**** Provided entries

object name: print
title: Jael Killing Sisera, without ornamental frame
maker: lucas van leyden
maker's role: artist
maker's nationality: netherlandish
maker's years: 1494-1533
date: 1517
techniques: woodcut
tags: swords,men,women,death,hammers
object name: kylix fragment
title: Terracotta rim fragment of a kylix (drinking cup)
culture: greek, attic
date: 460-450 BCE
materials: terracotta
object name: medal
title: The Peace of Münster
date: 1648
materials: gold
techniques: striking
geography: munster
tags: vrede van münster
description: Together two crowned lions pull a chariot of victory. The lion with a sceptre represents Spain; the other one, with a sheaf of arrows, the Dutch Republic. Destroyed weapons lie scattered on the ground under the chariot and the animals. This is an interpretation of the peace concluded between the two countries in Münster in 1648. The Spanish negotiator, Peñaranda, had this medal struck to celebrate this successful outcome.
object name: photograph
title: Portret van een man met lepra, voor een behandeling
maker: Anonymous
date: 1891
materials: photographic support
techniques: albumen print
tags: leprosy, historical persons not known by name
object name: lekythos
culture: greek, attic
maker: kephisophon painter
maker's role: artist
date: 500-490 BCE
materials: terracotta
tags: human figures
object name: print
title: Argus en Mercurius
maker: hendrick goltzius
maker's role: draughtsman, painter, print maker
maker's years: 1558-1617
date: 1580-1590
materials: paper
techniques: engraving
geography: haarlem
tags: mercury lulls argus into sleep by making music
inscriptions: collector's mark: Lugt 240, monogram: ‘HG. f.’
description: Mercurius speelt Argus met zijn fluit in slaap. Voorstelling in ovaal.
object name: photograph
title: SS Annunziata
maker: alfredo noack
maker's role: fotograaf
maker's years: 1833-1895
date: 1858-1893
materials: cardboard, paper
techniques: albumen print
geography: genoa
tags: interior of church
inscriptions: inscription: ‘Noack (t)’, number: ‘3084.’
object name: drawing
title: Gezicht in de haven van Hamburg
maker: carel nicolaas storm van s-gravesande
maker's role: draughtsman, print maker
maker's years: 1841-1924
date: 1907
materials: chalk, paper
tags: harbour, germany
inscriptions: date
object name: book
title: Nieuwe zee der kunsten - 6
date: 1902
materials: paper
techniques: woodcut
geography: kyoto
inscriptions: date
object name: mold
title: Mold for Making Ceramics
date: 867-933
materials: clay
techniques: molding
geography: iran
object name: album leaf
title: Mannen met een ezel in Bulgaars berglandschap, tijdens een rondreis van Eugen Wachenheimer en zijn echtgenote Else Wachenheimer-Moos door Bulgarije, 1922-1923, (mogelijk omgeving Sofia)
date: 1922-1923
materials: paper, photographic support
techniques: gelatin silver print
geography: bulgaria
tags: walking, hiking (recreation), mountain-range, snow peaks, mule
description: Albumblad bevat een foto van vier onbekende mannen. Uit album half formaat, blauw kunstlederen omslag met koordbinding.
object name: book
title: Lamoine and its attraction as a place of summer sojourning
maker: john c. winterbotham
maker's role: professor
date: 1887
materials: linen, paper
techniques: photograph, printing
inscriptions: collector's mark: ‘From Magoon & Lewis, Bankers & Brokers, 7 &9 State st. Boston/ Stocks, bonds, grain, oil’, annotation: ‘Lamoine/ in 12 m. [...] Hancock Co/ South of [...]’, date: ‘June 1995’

********

> _Problem statement_: For this exercise, repeat exactly the lines of the data above from the one with "object name: lekythos" down to the one with "maker's years: 1558-1617", both end lines included.

> _Response_:
object name: lekythos
culture: greek, attic
maker: kephisophon painter
maker's role: artist
date: 500-490 BCE
materials: terracotta
tags: human figures
object name: print
title: Argus en Mercurius
maker: hendrick goltzius
maker's role: draughtsman, painter, print maker
maker's years: 1558-1617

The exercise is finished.